Les nouvelles formes de beauté intérieure..
Dans un futur proche, où Internet est consultable directement par la pensée, où l'interaction par mails ou sur chat s'opère dans l'immédiat avec la validation vocale pour seul filtre, sans la moindre action manuelle : un homme installe son nouveau système d'exploitation. Il lui choisit une voix, guidé par le souvenir de sa quasi ex-femme (les papiers du divorce traînent, des deux côtés) et découvre une personne à part. Tout en restant aux ordres, la voix affirme et développe sans cesse son individualité, avec ses propres préoccupations, ses sentiments également.
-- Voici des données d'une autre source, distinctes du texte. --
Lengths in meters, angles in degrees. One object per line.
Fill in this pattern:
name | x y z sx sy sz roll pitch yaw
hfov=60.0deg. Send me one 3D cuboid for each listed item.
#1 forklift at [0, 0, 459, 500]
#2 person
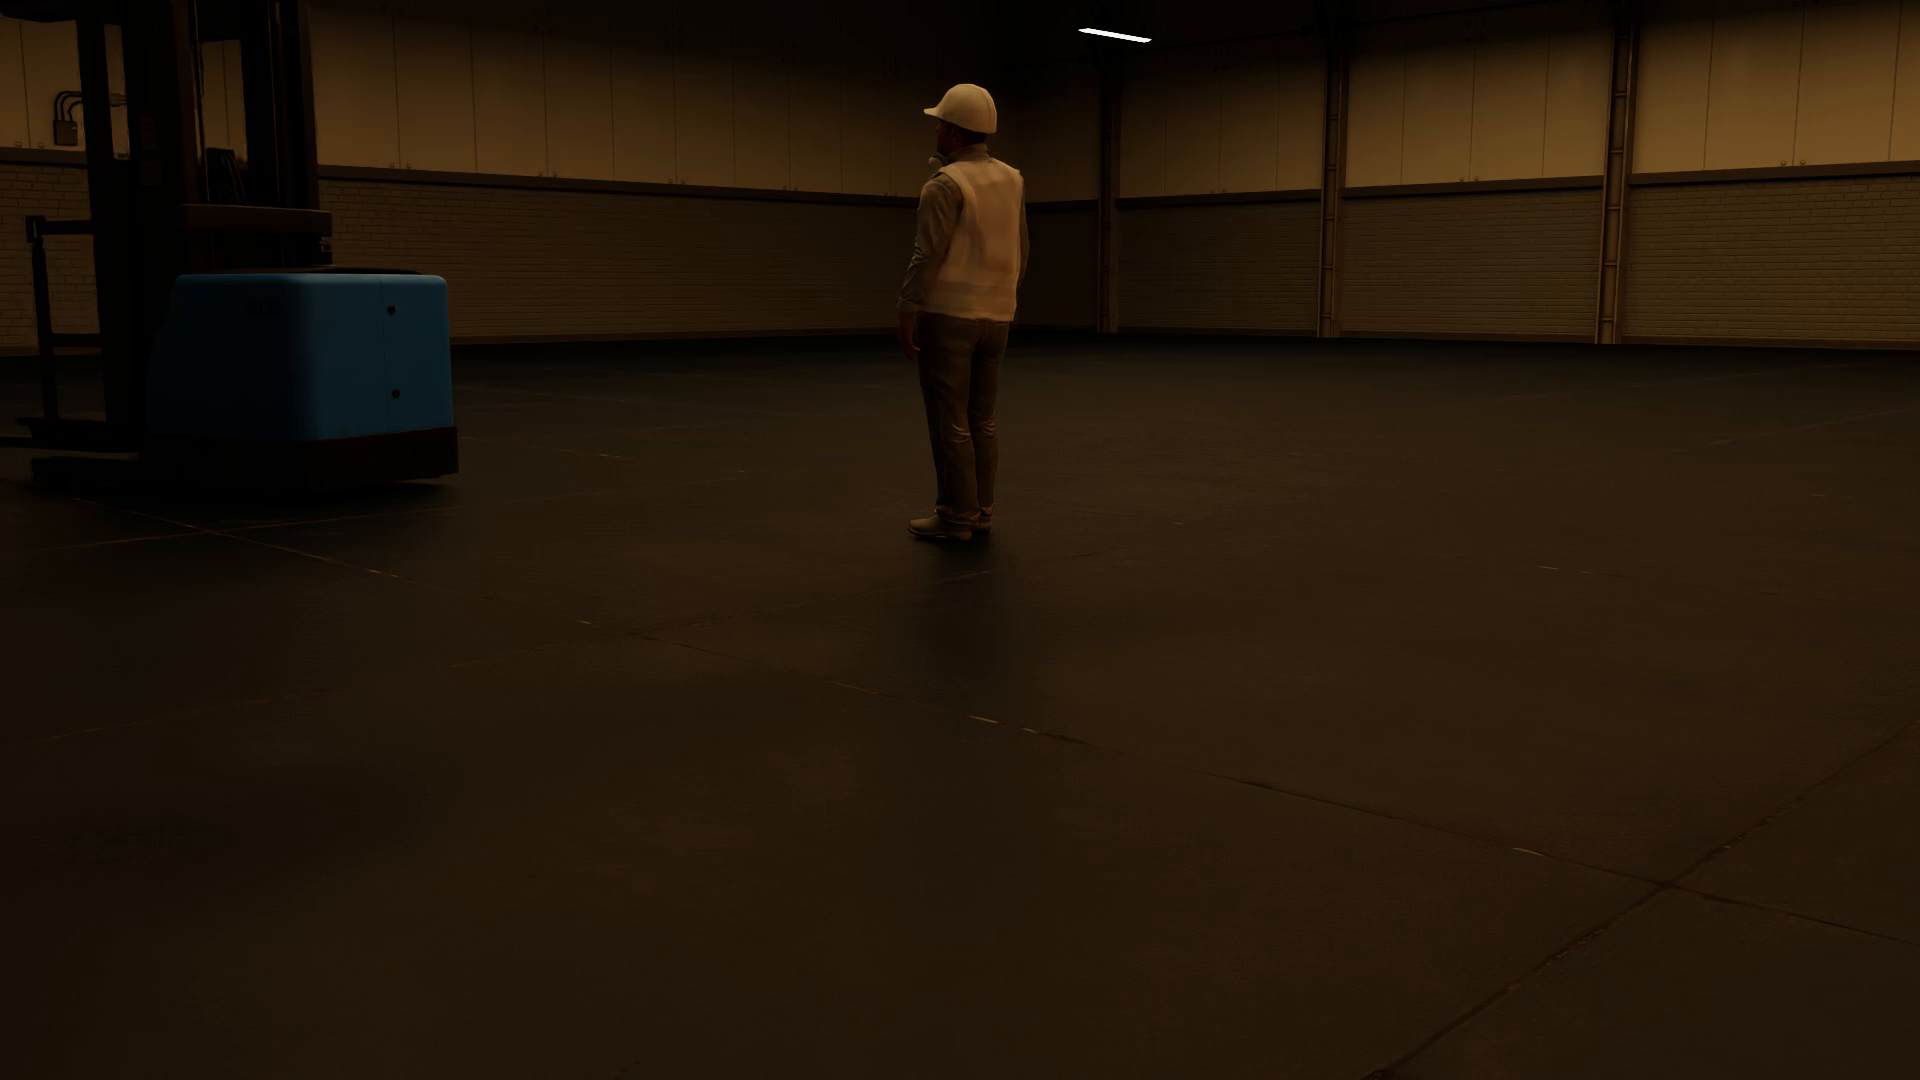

Une histoire d'amour naît.
Spike Jonze est un cinéaste à idées, il l'a déjà démontré avec le génial Dans la peau de John Malkovich. Du haut des gratte-ciels, des lumières naturelles : et la Nature justement, partout, fait irruption dans une mégalopole trop pleine, trop construite, saturée. Malgré son appartenance à la SF, Her utilise très peu d'effets spéciaux et nous présente un monde de demain dans la continuité de ce que nous connaissons, avec quelques originalités de forme. Le génie de Spike Jonze est de nous immiscer dans une certaine banalité. Nous sommes avec l'homme du quotidien, dans une ou deux décennies devant nous.
Her se partage entre enthousiasme et dépression devant ce nouvel équilibre, où l'Humanité s'étend en même temps qu'un sentiment de vide infini. Cette comédie romantique audacieuse signe l'éternel retour de la difficulté à sortir de soi. L'époque, le contexte, la technologie, modifient la surface et la pratique, mais les mêmes désirs et malaises s'étendent. C'est une nouvelle variante de l'amour, la révolution se trouve dans son expression, celle-ci a liquidé la sensualité.
Humble et visionnaire, Her regarde notre avenir sans prophéties de malheur, en anticipant un espace-monde consumériste, douillet, limpide. Un espace pacifié où les frustrations se taisent et peuvent se régler rationnellement. Dans la mesure des effets de l'abondant catalogue de corrections superficielles à disposition.